History

United Kingdom
- Name: HMS M32
- Ordered: 15 March 1915
- Builder: Workman Clark, Belfast for Harland & Wolff
- Yard number: 488
- Laid down: March 1915
- Launched: 22 May 1915
- Completed: 20 June 1915
- Fate: Sold 29 January 1920

General characteristics
- Class & type: M29-class monitor
- Displacement: 580 tons deep load
- Length: 177 ft 3 in (54.03 m)
- Beam: 31 ft (9.4 m)
- Draught: 5 ft 11 in (1.80 m)
- Propulsion: Triple expansion. Twin screws. Yarrow oil fuel 45 tons boilers. 400 hp (300 kW)
- Speed: 10 knots (19 km/h)
- Complement: 72
- Armament: 2 × BL 6-inch (152.4 mm) Mk XII guns; 1 × 6-pounder AA;
- Armour: 6 in on gun shield

= HMS M32 =

M29-class monitor

HMS M32 was an M29-class monitor of the Royal Navy.

The availability of ten 6 inch Mk XII guns from the Queen Elizabeth-class battleships in 1915 prompted the Admiralty to order five scaled down versions of the M15-class monitors, which had been designed to use 9.2 inch guns. HMS M32 and her sisters were ordered from Harland & Wolff, Belfast in March 1915. However, HMS M32 and her sister HMS M33 were sub-contracted to the nearby Workman Clark Limited shipyard. Launched on 22 May 1915, she was completed in June 1915.
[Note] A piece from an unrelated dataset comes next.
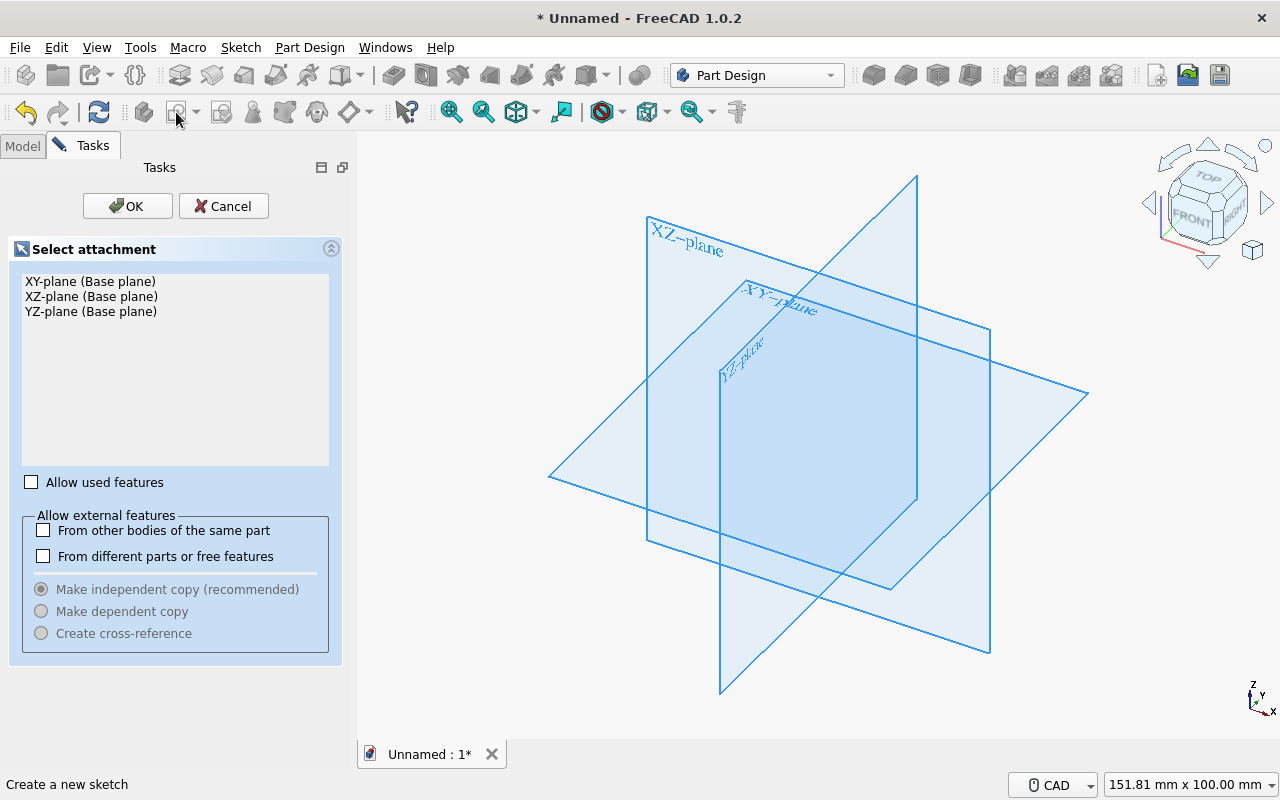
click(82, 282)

Upon completion, HMS M32 was sent to the Mediterranean. She later took part in the Battle of Jaffa and remained there until March 1919. She served from May to September 1919 in support of British and White Russian forces in the White Sea, before returning to England.

HMS M32 was sold on 29 January 1920 for use as an oil tanker, and named Ampat.